Nachdem Cédric Lachat has climbed routes in the 9a range several times in the recent past, he was looking for a new challenge. He found it in a 9b route, which is derived from the routes Pachamama and Papichulo composed and rated 9b. The route is called Mamichula and was first started by Adam Ondra in 2017. The route was repeated for the first time a year ago by the French Sébastien Bouin.

“I wanted to project a 9b. After I got information about Mamichula, I decided on this line.

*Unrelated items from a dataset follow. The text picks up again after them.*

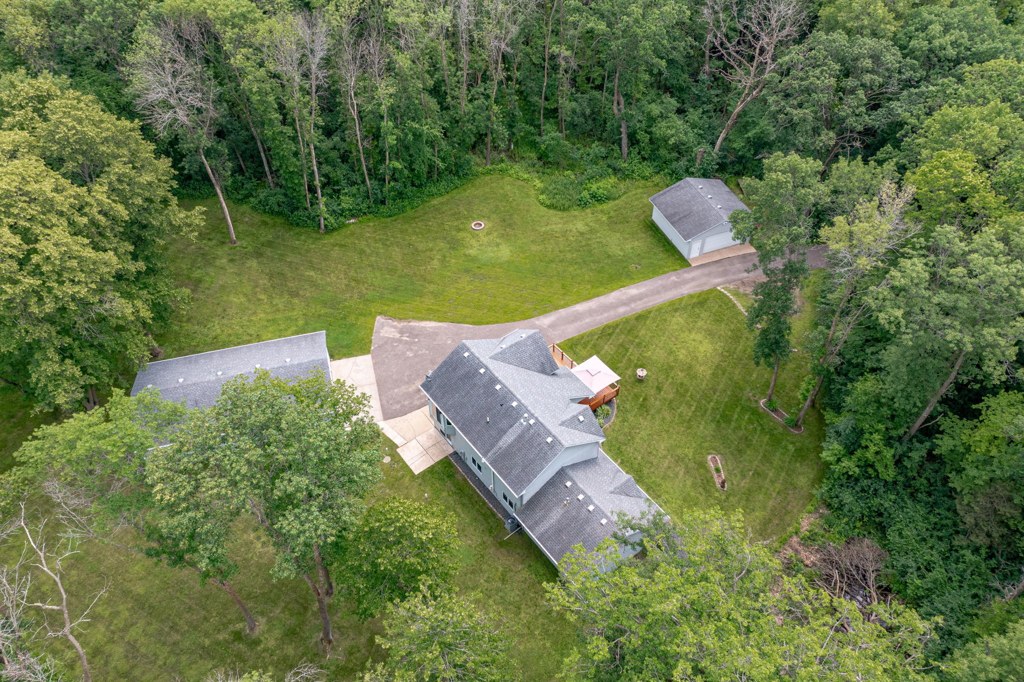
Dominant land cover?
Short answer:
trees
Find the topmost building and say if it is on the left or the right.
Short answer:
right
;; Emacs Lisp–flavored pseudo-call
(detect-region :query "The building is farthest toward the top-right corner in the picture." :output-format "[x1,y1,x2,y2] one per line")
[648,178,761,258]

It is very long and not so dependent on the conditions. Scoring Pachamama was the first step towards an inspection of Mamichula. ”

Cédric Lachat

The first intermediate stage - Pachamama (9a +) to score - achieved Cédric Lachat in a relatively short time. He planned the route for around ten days during a trip Katherine Choong and invested another ten days of his current stay until the climb was successful.

Last key position just before the deflector

The Pachamama route awaits potential visitors with three key points. The first place consists of strips and a jump to a hole. After a bad point of rest at underhand grips, the middle and very endurance-heavy part of the route follows with small grips. Another and final key point must then be mastered shortly before the deflector.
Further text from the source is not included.